:: Supplied entries ::
┏━━
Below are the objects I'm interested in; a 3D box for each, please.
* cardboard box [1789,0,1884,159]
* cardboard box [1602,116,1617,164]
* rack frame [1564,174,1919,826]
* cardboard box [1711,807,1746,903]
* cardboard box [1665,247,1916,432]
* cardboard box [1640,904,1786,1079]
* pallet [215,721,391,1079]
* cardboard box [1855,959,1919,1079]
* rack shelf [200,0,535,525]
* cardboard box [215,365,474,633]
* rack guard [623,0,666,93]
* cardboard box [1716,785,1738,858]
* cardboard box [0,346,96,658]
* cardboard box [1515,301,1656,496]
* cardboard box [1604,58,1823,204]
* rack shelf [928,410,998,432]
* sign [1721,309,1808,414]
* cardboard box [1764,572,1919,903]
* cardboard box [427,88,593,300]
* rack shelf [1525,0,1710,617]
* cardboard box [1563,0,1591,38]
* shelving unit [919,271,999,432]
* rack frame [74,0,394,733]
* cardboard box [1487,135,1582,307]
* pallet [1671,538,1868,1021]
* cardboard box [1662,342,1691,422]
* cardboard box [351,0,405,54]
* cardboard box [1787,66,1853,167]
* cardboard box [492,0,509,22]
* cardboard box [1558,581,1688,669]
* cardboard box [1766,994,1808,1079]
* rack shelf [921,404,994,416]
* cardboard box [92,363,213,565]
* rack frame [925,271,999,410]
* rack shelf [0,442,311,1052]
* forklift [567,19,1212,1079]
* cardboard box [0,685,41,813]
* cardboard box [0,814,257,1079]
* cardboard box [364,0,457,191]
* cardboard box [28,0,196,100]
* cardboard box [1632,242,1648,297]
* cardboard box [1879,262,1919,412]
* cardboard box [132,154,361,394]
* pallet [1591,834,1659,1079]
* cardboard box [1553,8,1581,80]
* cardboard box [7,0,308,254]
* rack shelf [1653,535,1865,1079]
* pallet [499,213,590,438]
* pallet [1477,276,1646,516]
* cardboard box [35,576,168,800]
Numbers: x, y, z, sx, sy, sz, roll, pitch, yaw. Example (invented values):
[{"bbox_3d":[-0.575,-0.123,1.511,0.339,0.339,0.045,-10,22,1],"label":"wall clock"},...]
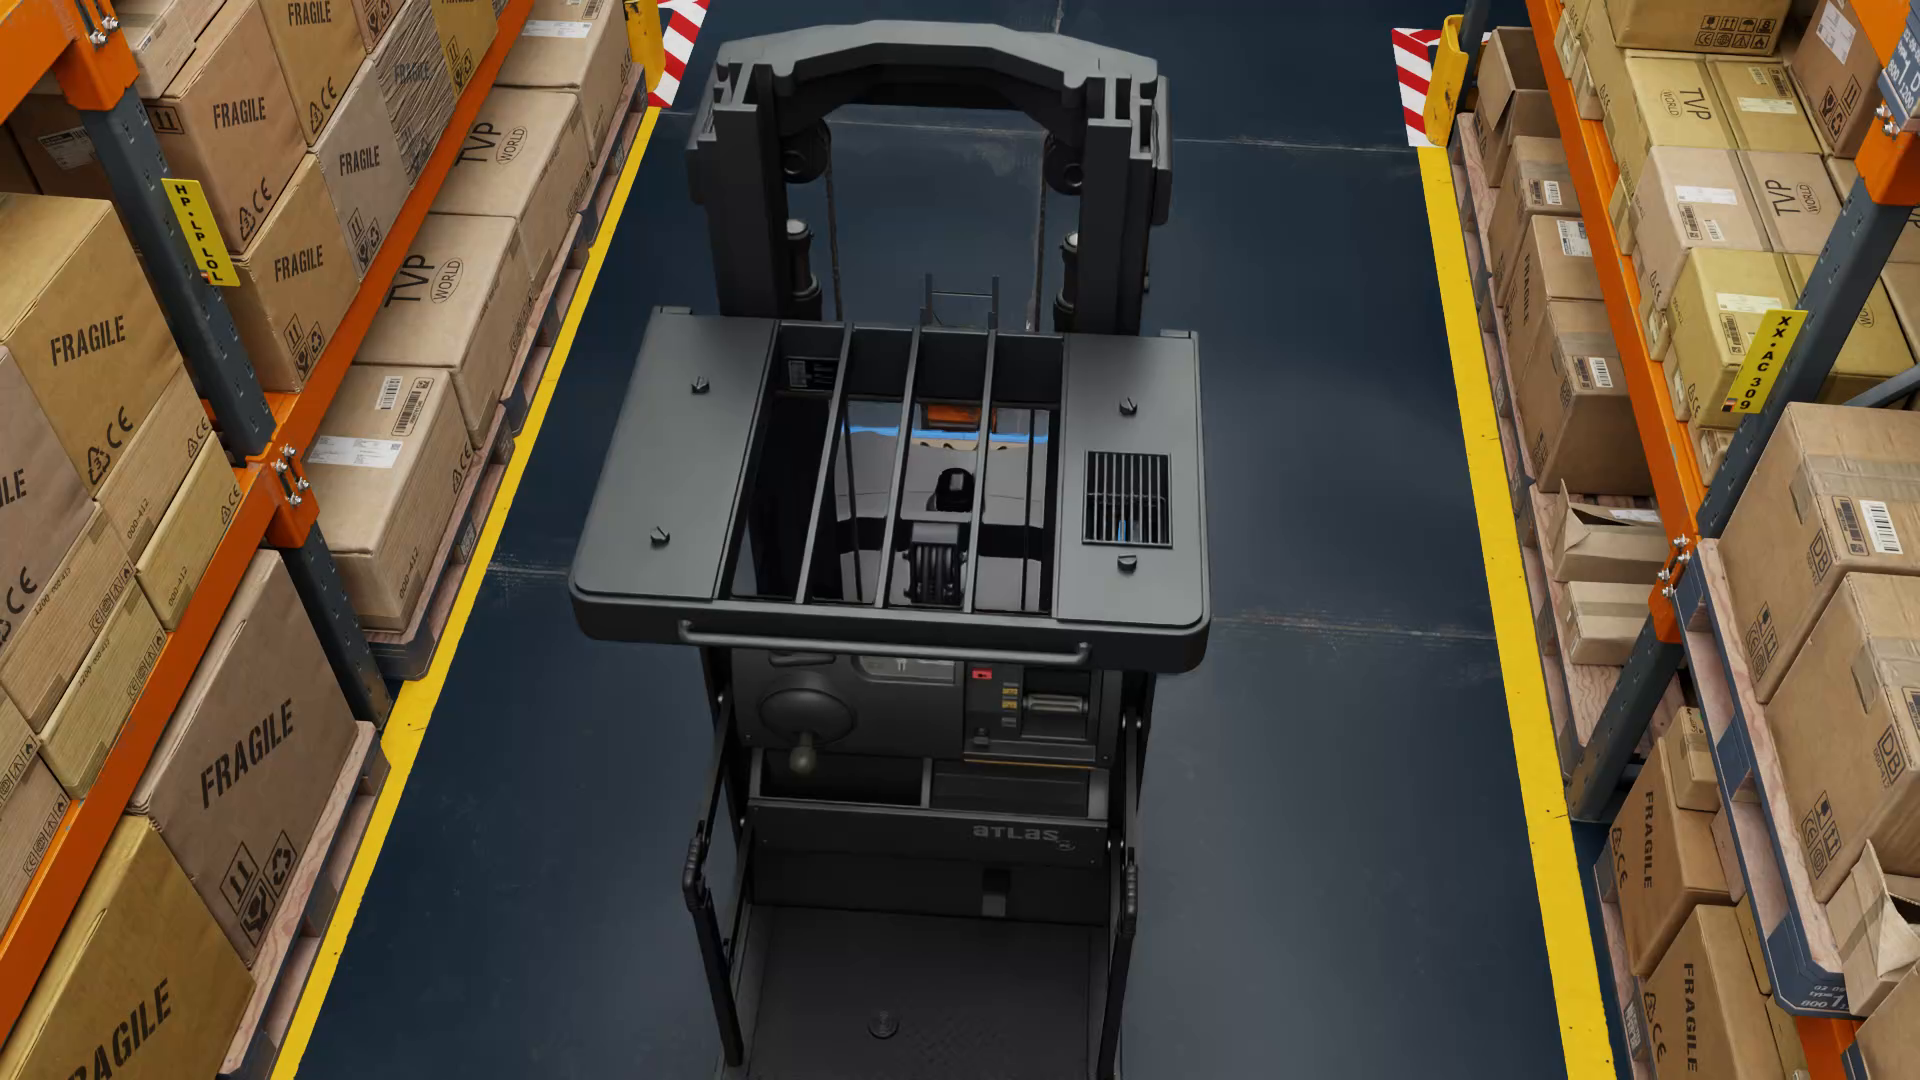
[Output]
[{"bbox_3d":[2.889,-1.485,4.967,0.500,0.500,0.500,3,48,2],"label":"cardboard box"},{"bbox_3d":[2.424,-1.405,5.673,0.380,0.149,0.250,4,48,3],"label":"cardboard box"},{"bbox_3d":[2.488,-0.106,4.314,1.000,3.000,0.127,4,48,4],"label":"rack frame"},{"bbox_3d":[2.242,0.831,4.427,0.380,0.149,0.250,3,48,2],"label":"cardboard box"},{"bbox_3d":[2.291,-0.546,4.617,0.500,0.250,0.500,5,48,5],"label":"cardboard box"},{"bbox_3d":[2.181,1.328,4.412,0.500,0.500,0.500,3,48,3],"label":"cardboard box"},{"bbox_3d":[-2.451,1.076,5.123,1.003,0.211,1.213,4,48,4],"label":"pallet"},{"bbox_3d":[2.102,1.016,2.935,0.700,0.500,0.500,4,48,3],"label":"cardboard box"},{"bbox_3d":[-2.273,-1.664,6.227,1.077,0.370,4.000,4,48,4],"label":"rack shelf"},{"bbox_3d":[-2.291,-0.168,5.823,0.875,0.438,0.875,3,48,3],"label":"cardboard box"},{"bbox_3d":[-2.089,-2.550,8.244,1.175,0.500,0.348,4,48,4],"label":"rack guard"},{"bbox_3d":[2.214,0.717,4.330,0.380,0.149,0.250,2,48,2],"label":"cardboard box"},{"bbox_3d":[-2.286,-0.082,3.547,0.500,0.500,0.500,5,48,4],"label":"cardboard box"},{"bbox_3d":[2.491,-0.512,6.095,0.700,0.500,0.500,2,48,2],"label":"cardboard box"},{"bbox_3d":[2.381,-1.281,5.289,0.500,0.250,0.500,4,48,3],"label":"cardboard box"},{"bbox_3d":[-0.001,-0.364,5.830,0.258,0.103,0.180,4,48,4],"label":"rack shelf"},{"bbox_3d":[1.947,-0.429,4.023,0.100,0.325,0.005,4,48,4],"label":"sign"},{"bbox_3d":[2.174,0.440,3.463,0.700,0.500,0.500,4,48,4],"label":"cardboard box"},{"bbox_3d":[-2.127,-1.489,7.030,0.875,0.438,0.875,5,48,5],"label":"cardboard box"},{"bbox_3d":[2.670,-1.333,5.924,1.077,0.370,4.000,4,48,4],"label":"rack shelf"},{"bbox_3d":[2.454,-2.037,5.980,0.500,0.250,0.500,3,48,3],"label":"cardboard box"},{"bbox_3d":[-0.001,-0.394,5.798,0.258,1.200,0.189,4,48,4],"label":"shelving unit"},{"bbox_3d":[-2.455,-0.437,4.617,1.000,3.000,0.127,4,48,4],"label":"rack frame"},{"bbox_3d":[2.586,-1.275,6.793,0.700,0.500,0.500,6,48,5],"label":"cardboard box"},{"bbox_3d":[2.306,0.539,3.855,1.003,0.211,1.213,4,48,4],"label":"pallet"},{"bbox_3d":[2.268,-0.465,4.813,0.380,0.149,0.250,5,48,5],"label":"cardboard box"},{"bbox_3d":[-2.061,-1.888,5.199,0.500,0.500,0.500,5,48,4],"label":"cardboard box"},{"bbox_3d":[2.890,-1.250,5.260,0.500,0.250,0.500,5,48,4],"label":"cardboard box"},{"bbox_3d":[-1.969,-2.291,6.245,0.500,0.500,0.500,5,48,5],"label":"cardboard box"},{"bbox_3d":[2.246,0.285,5.604,0.380,0.149,0.250,3,48,2],"label":"cardboard box"},{"bbox_3d":[2.219,1.223,4.068,0.380,0.149,0.250,3,48,3],"label":"cardboard box"},{"bbox_3d":[-0.001,-0.526,5.653,0.258,0.103,0.180,4,48,4],"label":"rack shelf"},{"bbox_3d":[-2.254,-0.215,4.177,0.500,0.250,0.500,4,48,3],"label":"cardboard box"},{"bbox_3d":[0.007,-0.462,5.859,0.240,1.200,0.006,4,48,4],"label":"rack frame"},{"bbox_3d":[-2.638,1.275,3.538,1.077,0.370,4.000,4,48,4],"label":"rack shelf"},{"bbox_3d":[-0.093,0.481,3.824,1.130,2.935,3.031,3,48,3],"label":"forklift"},{"bbox_3d":[-2.333,0.534,3.492,0.500,0.250,0.500,5,48,4],"label":"cardboard box"},{"bbox_3d":[-2.507,1.264,4.217,0.875,0.875,0.875,5,48,5],"label":"cardboard box"},{"bbox_3d":[-2.050,-1.533,5.551,0.500,0.500,0.500,4,48,4],"label":"cardboard box"},{"bbox_3d":[-2.168,-1.242,4.168,0.380,0.149,0.250,3,48,3],"label":"cardboard box"},{"bbox_3d":[2.318,-0.849,5.164,0.380,0.149,0.250,5,48,5],"label":"cardboard box"},{"bbox_3d":[2.802,-0.502,4.576,0.500,0.250,0.500,3,48,3],"label":"cardboard box"},{"bbox_3d":[-2.152,-0.798,4.879,0.500,0.500,0.500,5,48,5],"label":"cardboard box"},{"bbox_3d":[2.451,1.435,4.794,1.003,0.211,1.213,4,48,4],"label":"pallet"},{"bbox_3d":[2.382,-1.794,6.028,0.380,0.149,0.250,3,48,2],"label":"cardboard box"},{"bbox_3d":[-2.171,-1.142,4.516,0.500,0.500,0.500,4,48,4],"label":"cardboard box"},{"bbox_3d":[2.306,1.607,3.235,1.077,0.370,4.000,4,48,4],"label":"rack shelf"},{"bbox_3d":[-2.200,-0.948,6.974,1.003,0.211,1.213,4,48,4],"label":"pallet"},{"bbox_3d":[2.660,-0.568,6.627,1.003,0.211,1.213,4,48,4],"label":"pallet"},{"bbox_3d":[-2.293,0.334,4.013,0.500,0.250,0.500,3,48,3],"label":"cardboard box"}]
┗━━
:: Assignment ::
Write out the listing's lines exactly, from its first line through the line that contains "Numbers: x, y, z, sx, sy, sz, roll, pitch, yaw.", and stop there.

:: Written response ::
Below are the objects I'm interested in; a 3D box for each, please.
* cardboard box [1789,0,1884,159]
* cardboard box [1602,116,1617,164]
* rack frame [1564,174,1919,826]
* cardboard box [1711,807,1746,903]
* cardboard box [1665,247,1916,432]
* cardboard box [1640,904,1786,1079]
* pallet [215,721,391,1079]
* cardboard box [1855,959,1919,1079]
* rack shelf [200,0,535,525]
* cardboard box [215,365,474,633]
* rack guard [623,0,666,93]
* cardboard box [1716,785,1738,858]
* cardboard box [0,346,96,658]
* cardboard box [1515,301,1656,496]
* cardboard box [1604,58,1823,204]
* rack shelf [928,410,998,432]
* sign [1721,309,1808,414]
* cardboard box [1764,572,1919,903]
* cardboard box [427,88,593,300]
* rack shelf [1525,0,1710,617]
* cardboard box [1563,0,1591,38]
* shelving unit [919,271,999,432]
* rack frame [74,0,394,733]
* cardboard box [1487,135,1582,307]
* pallet [1671,538,1868,1021]
* cardboard box [1662,342,1691,422]
* cardboard box [351,0,405,54]
* cardboard box [1787,66,1853,167]
* cardboard box [492,0,509,22]
* cardboard box [1558,581,1688,669]
* cardboard box [1766,994,1808,1079]
* rack shelf [921,404,994,416]
* cardboard box [92,363,213,565]
* rack frame [925,271,999,410]
* rack shelf [0,442,311,1052]
* forklift [567,19,1212,1079]
* cardboard box [0,685,41,813]
* cardboard box [0,814,257,1079]
* cardboard box [364,0,457,191]
* cardboard box [28,0,196,100]
* cardboard box [1632,242,1648,297]
* cardboard box [1879,262,1919,412]
* cardboard box [132,154,361,394]
* pallet [1591,834,1659,1079]
* cardboard box [1553,8,1581,80]
* cardboard box [7,0,308,254]
* rack shelf [1653,535,1865,1079]
* pallet [499,213,590,438]
* pallet [1477,276,1646,516]
* cardboard box [35,576,168,800]
Numbers: x, y, z, sx, sy, sz, roll, pitch, yaw. Example (invented values):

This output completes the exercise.